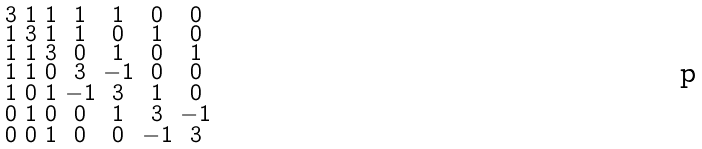<formula> <loc_0><loc_0><loc_500><loc_500>\begin{smallmatrix} 3 & 1 & 1 & 1 & 1 & 0 & 0 \\ 1 & 3 & 1 & 1 & 0 & 1 & 0 \\ 1 & 1 & 3 & 0 & 1 & 0 & 1 \\ 1 & 1 & 0 & 3 & - 1 & 0 & 0 \\ 1 & 0 & 1 & - 1 & 3 & 1 & 0 \\ 0 & 1 & 0 & 0 & 1 & 3 & - 1 \\ 0 & 0 & 1 & 0 & 0 & - 1 & 3 \end{smallmatrix}</formula> 
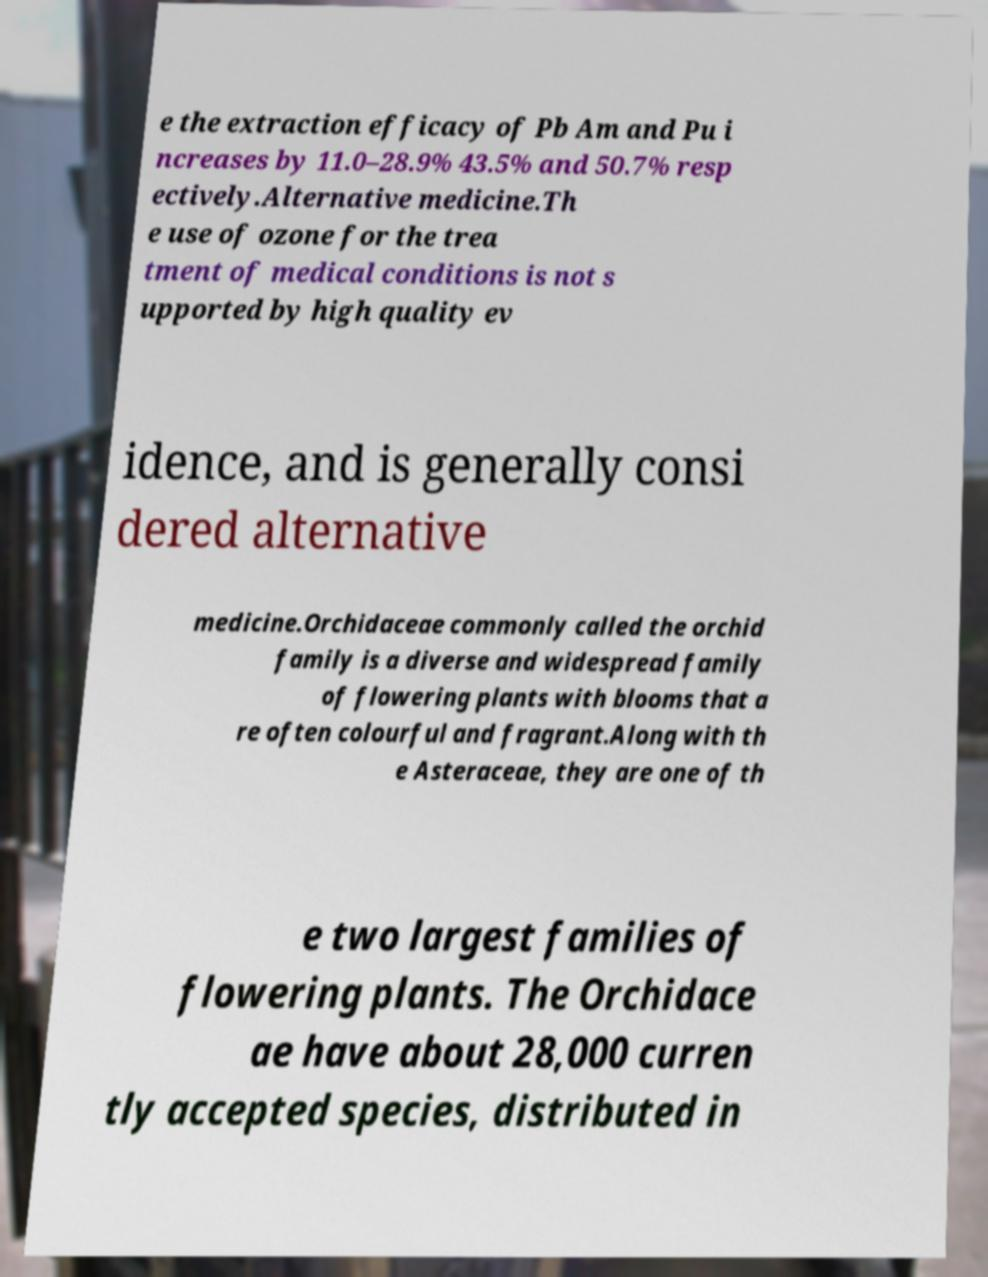I need the written content from this picture converted into text. Can you do that? e the extraction efficacy of Pb Am and Pu i ncreases by 11.0–28.9% 43.5% and 50.7% resp ectively.Alternative medicine.Th e use of ozone for the trea tment of medical conditions is not s upported by high quality ev idence, and is generally consi dered alternative medicine.Orchidaceae commonly called the orchid family is a diverse and widespread family of flowering plants with blooms that a re often colourful and fragrant.Along with th e Asteraceae, they are one of th e two largest families of flowering plants. The Orchidace ae have about 28,000 curren tly accepted species, distributed in 
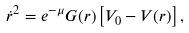<formula> <loc_0><loc_0><loc_500><loc_500>\dot { r } ^ { 2 } = e ^ { - \mu } G ( r ) \left [ V _ { 0 } - V ( r ) \right ] ,</formula> 
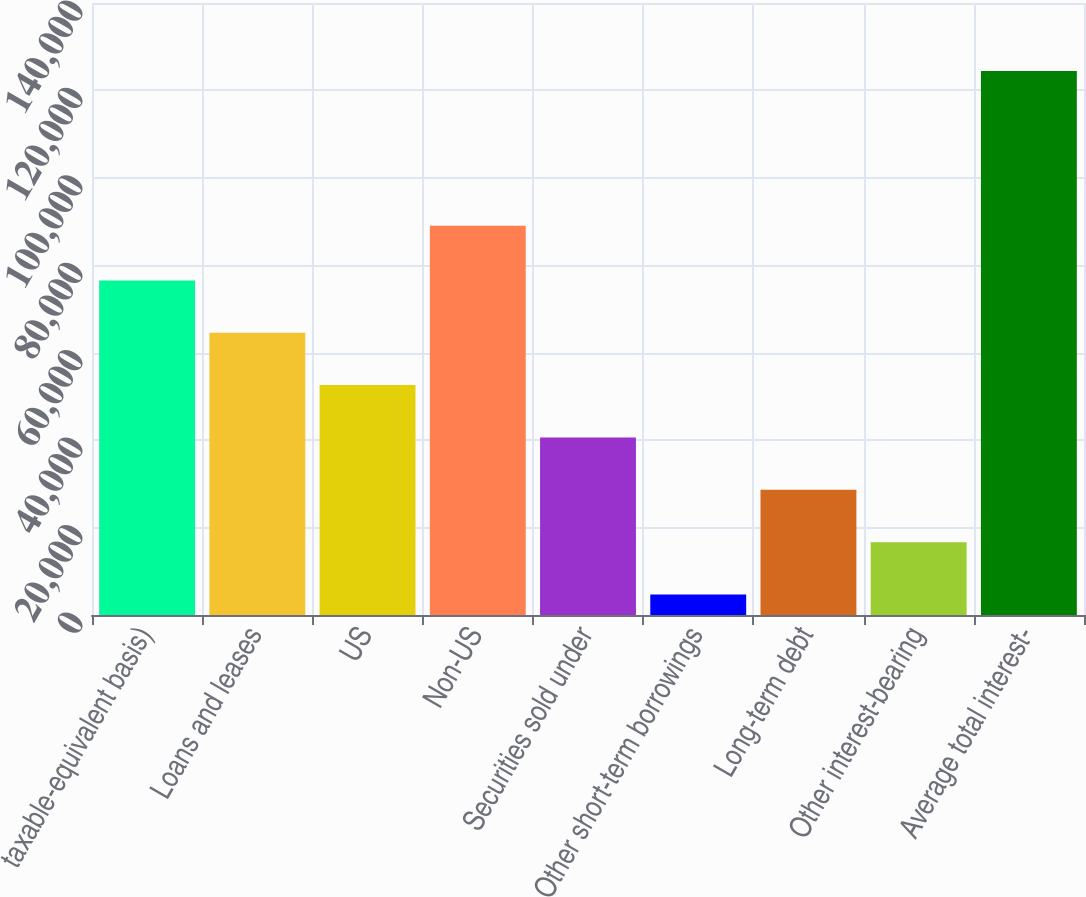Convert chart to OTSL. <chart><loc_0><loc_0><loc_500><loc_500><bar_chart><fcel>taxable-equivalent basis)<fcel>Loans and leases<fcel>US<fcel>Non-US<fcel>Securities sold under<fcel>Other short-term borrowings<fcel>Long-term debt<fcel>Other interest-bearing<fcel>Average total interest-<nl><fcel>76543.4<fcel>64565.5<fcel>52587.6<fcel>89059<fcel>40609.7<fcel>4676<fcel>28631.8<fcel>16653.9<fcel>124455<nl></chart> 
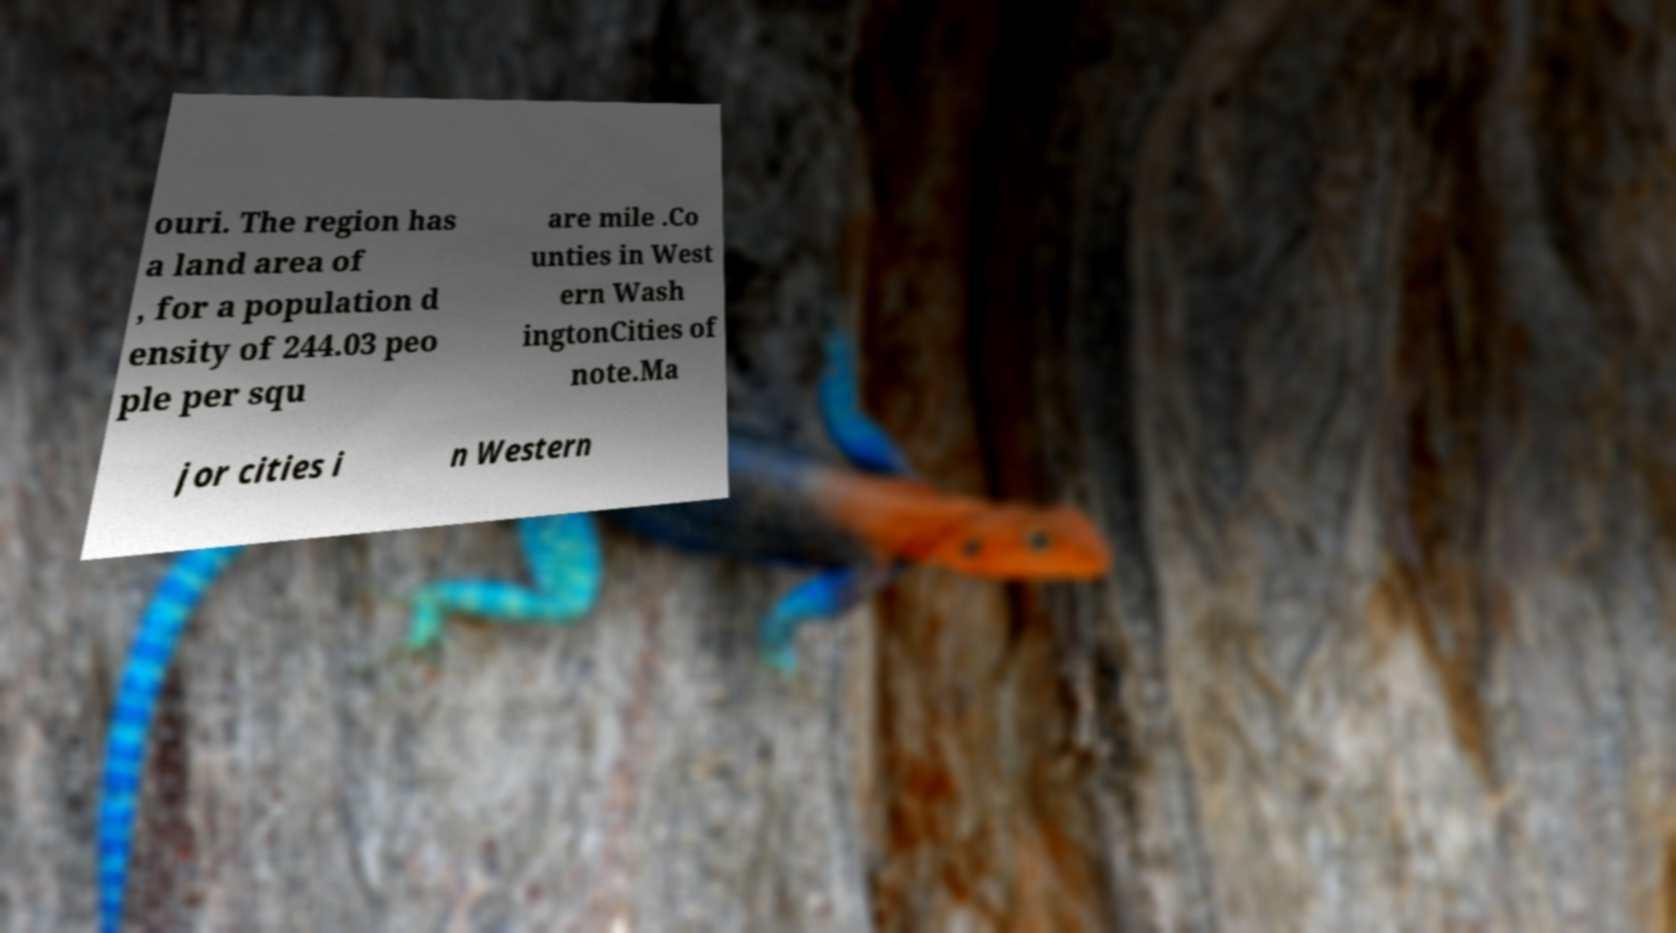What messages or text are displayed in this image? I need them in a readable, typed format. ouri. The region has a land area of , for a population d ensity of 244.03 peo ple per squ are mile .Co unties in West ern Wash ingtonCities of note.Ma jor cities i n Western

☆ ☆ ☆

YOUR INSTRUCTIONS
Beginning with the line above that contains "I need the written" and ending with the line that contains "r ) \right ] ,</formula>", quote each line exactly, keeping out the pictures.

SOLUTION TO THIS PROBLEM
I need the written content from this picture converted into text. Can you do that? e the extraction efficacy of Pb Am and Pu i ncreases by 11.0–28.9% 43.5% and 50.7% resp ectively.Alternative medicine.Th e use of ozone for the trea tment of medical conditions is not s upported by high quality ev idence, and is generally consi dered alternative medicine.Orchidaceae commonly called the orchid family is a diverse and widespread family of flowering plants with blooms that a re often colourful and fragrant.Along with th e Asteraceae, they are one of th e two largest families of flowering plants. The Orchidace ae have about 28,000 curren tly accepted species, distributed in 
<formula> <loc_0><loc_0><loc_500><loc_500>\dot { r } ^ { 2 } = e ^ { - \mu } G ( r ) \left [ V _ { 0 } - V ( r ) \right ] ,</formula> 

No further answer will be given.